■ Action item:
Because the material must match the original, reproduce every line of it exactly.

■ Extracted entries:
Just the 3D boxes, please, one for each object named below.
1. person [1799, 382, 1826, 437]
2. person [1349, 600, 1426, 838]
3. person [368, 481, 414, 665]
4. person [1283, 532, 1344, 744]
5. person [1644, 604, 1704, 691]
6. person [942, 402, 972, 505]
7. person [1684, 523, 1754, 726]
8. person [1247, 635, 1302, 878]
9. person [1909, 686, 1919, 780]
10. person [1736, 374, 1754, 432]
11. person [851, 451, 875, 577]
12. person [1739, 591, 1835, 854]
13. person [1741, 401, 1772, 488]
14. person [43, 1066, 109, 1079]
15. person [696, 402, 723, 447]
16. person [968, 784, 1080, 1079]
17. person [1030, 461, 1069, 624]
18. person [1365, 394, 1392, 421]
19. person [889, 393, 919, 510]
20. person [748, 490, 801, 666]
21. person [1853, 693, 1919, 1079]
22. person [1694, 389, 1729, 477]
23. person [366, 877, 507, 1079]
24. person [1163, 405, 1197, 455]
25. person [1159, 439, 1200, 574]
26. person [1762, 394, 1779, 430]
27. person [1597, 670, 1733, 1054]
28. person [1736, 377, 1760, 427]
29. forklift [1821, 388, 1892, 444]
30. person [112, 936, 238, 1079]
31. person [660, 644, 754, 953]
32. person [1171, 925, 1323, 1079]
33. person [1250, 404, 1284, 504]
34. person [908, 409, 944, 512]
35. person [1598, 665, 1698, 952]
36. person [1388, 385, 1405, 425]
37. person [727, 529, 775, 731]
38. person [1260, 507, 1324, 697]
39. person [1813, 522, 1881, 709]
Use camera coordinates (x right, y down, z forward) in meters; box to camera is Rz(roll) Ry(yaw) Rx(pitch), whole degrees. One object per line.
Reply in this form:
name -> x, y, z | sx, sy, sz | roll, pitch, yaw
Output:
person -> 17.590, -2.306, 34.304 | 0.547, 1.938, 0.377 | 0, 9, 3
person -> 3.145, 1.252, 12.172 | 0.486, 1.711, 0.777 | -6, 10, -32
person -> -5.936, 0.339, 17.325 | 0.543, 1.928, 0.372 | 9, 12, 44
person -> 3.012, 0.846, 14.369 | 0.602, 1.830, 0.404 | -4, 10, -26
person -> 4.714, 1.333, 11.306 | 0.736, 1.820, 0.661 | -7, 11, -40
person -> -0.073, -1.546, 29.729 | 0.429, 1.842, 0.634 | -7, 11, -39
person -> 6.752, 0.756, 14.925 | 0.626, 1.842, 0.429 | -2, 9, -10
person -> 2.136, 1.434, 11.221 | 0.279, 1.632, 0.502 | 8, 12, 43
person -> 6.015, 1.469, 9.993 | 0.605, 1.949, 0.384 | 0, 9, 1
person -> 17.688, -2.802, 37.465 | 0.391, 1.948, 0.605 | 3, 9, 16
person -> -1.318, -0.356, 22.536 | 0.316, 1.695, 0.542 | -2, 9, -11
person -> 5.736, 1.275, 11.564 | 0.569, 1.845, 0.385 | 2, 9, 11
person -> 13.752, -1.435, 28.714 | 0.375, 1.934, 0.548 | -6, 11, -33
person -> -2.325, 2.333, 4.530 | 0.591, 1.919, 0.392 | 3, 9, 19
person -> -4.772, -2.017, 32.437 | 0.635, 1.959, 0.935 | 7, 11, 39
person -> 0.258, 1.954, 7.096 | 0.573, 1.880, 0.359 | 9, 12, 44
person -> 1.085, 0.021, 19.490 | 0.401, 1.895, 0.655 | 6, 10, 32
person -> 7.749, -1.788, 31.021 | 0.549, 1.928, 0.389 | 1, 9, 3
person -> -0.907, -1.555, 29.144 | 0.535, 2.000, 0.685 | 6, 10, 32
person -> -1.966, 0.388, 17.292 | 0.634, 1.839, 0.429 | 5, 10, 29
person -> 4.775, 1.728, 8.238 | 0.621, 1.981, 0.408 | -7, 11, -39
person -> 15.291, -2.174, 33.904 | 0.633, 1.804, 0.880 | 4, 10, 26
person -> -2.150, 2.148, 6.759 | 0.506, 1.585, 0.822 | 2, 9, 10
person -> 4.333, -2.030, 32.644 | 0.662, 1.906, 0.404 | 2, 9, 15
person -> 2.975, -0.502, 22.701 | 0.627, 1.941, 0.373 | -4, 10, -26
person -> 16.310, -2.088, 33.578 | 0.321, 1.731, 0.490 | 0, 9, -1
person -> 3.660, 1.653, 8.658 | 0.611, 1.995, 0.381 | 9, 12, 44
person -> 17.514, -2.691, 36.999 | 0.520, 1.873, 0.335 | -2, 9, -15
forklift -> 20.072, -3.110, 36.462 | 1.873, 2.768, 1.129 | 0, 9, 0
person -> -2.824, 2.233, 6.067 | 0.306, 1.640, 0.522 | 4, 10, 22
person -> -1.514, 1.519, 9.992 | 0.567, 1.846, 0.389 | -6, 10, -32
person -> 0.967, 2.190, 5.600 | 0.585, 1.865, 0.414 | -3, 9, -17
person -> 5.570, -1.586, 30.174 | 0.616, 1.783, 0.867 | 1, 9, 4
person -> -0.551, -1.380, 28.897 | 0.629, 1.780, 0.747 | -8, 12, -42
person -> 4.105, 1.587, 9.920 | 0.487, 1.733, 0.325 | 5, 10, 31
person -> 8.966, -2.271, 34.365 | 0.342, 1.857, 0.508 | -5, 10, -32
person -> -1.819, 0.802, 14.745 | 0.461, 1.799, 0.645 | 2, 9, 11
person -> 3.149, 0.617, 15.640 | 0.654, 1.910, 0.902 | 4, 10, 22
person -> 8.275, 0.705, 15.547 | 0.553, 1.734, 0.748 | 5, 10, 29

■ Solution:
Just the 3D boxes, please, one for each object named below.
1. person [1799, 382, 1826, 437]
2. person [1349, 600, 1426, 838]
3. person [368, 481, 414, 665]
4. person [1283, 532, 1344, 744]
5. person [1644, 604, 1704, 691]
6. person [942, 402, 972, 505]
7. person [1684, 523, 1754, 726]
8. person [1247, 635, 1302, 878]
9. person [1909, 686, 1919, 780]
10. person [1736, 374, 1754, 432]
11. person [851, 451, 875, 577]
12. person [1739, 591, 1835, 854]
13. person [1741, 401, 1772, 488]
14. person [43, 1066, 109, 1079]
15. person [696, 402, 723, 447]
16. person [968, 784, 1080, 1079]
17. person [1030, 461, 1069, 624]
18. person [1365, 394, 1392, 421]
19. person [889, 393, 919, 510]
20. person [748, 490, 801, 666]
21. person [1853, 693, 1919, 1079]
22. person [1694, 389, 1729, 477]
23. person [366, 877, 507, 1079]
24. person [1163, 405, 1197, 455]
25. person [1159, 439, 1200, 574]
26. person [1762, 394, 1779, 430]
27. person [1597, 670, 1733, 1054]
28. person [1736, 377, 1760, 427]
29. forklift [1821, 388, 1892, 444]
30. person [112, 936, 238, 1079]
31. person [660, 644, 754, 953]
32. person [1171, 925, 1323, 1079]
33. person [1250, 404, 1284, 504]
34. person [908, 409, 944, 512]
35. person [1598, 665, 1698, 952]
36. person [1388, 385, 1405, 425]
37. person [727, 529, 775, 731]
38. person [1260, 507, 1324, 697]
39. person [1813, 522, 1881, 709]
Use camera coordinates (x right, y down, z forward) in meters; box to camera is Rz(roll) Ry(yaw) Rx(pitch), whole degrees. One object per line.
Reply in this form:
name -> x, y, z | sx, sy, sz | roll, pitch, yaw
Output:
person -> 17.590, -2.306, 34.304 | 0.547, 1.938, 0.377 | 0, 9, 3
person -> 3.145, 1.252, 12.172 | 0.486, 1.711, 0.777 | -6, 10, -32
person -> -5.936, 0.339, 17.325 | 0.543, 1.928, 0.372 | 9, 12, 44
person -> 3.012, 0.846, 14.369 | 0.602, 1.830, 0.404 | -4, 10, -26
person -> 4.714, 1.333, 11.306 | 0.736, 1.820, 0.661 | -7, 11, -40
person -> -0.073, -1.546, 29.729 | 0.429, 1.842, 0.634 | -7, 11, -39
person -> 6.752, 0.756, 14.925 | 0.626, 1.842, 0.429 | -2, 9, -10
person -> 2.136, 1.434, 11.221 | 0.279, 1.632, 0.502 | 8, 12, 43
person -> 6.015, 1.469, 9.993 | 0.605, 1.949, 0.384 | 0, 9, 1
person -> 17.688, -2.802, 37.465 | 0.391, 1.948, 0.605 | 3, 9, 16
person -> -1.318, -0.356, 22.536 | 0.316, 1.695, 0.542 | -2, 9, -11
person -> 5.736, 1.275, 11.564 | 0.569, 1.845, 0.385 | 2, 9, 11
person -> 13.752, -1.435, 28.714 | 0.375, 1.934, 0.548 | -6, 11, -33
person -> -2.325, 2.333, 4.530 | 0.591, 1.919, 0.392 | 3, 9, 19
person -> -4.772, -2.017, 32.437 | 0.635, 1.959, 0.935 | 7, 11, 39
person -> 0.258, 1.954, 7.096 | 0.573, 1.880, 0.359 | 9, 12, 44
person -> 1.085, 0.021, 19.490 | 0.401, 1.895, 0.655 | 6, 10, 32
person -> 7.749, -1.788, 31.021 | 0.549, 1.928, 0.389 | 1, 9, 3
person -> -0.907, -1.555, 29.144 | 0.535, 2.000, 0.685 | 6, 10, 32
person -> -1.966, 0.388, 17.292 | 0.634, 1.839, 0.429 | 5, 10, 29
person -> 4.775, 1.728, 8.238 | 0.621, 1.981, 0.408 | -7, 11, -39
person -> 15.291, -2.174, 33.904 | 0.633, 1.804, 0.880 | 4, 10, 26
person -> -2.150, 2.148, 6.759 | 0.506, 1.585, 0.822 | 2, 9, 10
person -> 4.333, -2.030, 32.644 | 0.662, 1.906, 0.404 | 2, 9, 15
person -> 2.975, -0.502, 22.701 | 0.627, 1.941, 0.373 | -4, 10, -26
person -> 16.310, -2.088, 33.578 | 0.321, 1.731, 0.490 | 0, 9, -1
person -> 3.660, 1.653, 8.658 | 0.611, 1.995, 0.381 | 9, 12, 44
person -> 17.514, -2.691, 36.999 | 0.520, 1.873, 0.335 | -2, 9, -15
forklift -> 20.072, -3.110, 36.462 | 1.873, 2.768, 1.129 | 0, 9, 0
person -> -2.824, 2.233, 6.067 | 0.306, 1.640, 0.522 | 4, 10, 22
person -> -1.514, 1.519, 9.992 | 0.567, 1.846, 0.389 | -6, 10, -32
person -> 0.967, 2.190, 5.600 | 0.585, 1.865, 0.414 | -3, 9, -17
person -> 5.570, -1.586, 30.174 | 0.616, 1.783, 0.867 | 1, 9, 4
person -> -0.551, -1.380, 28.897 | 0.629, 1.780, 0.747 | -8, 12, -42
person -> 4.105, 1.587, 9.920 | 0.487, 1.733, 0.325 | 5, 10, 31
person -> 8.966, -2.271, 34.365 | 0.342, 1.857, 0.508 | -5, 10, -32
person -> -1.819, 0.802, 14.745 | 0.461, 1.799, 0.645 | 2, 9, 11
person -> 3.149, 0.617, 15.640 | 0.654, 1.910, 0.902 | 4, 10, 22
person -> 8.275, 0.705, 15.547 | 0.553, 1.734, 0.748 | 5, 10, 29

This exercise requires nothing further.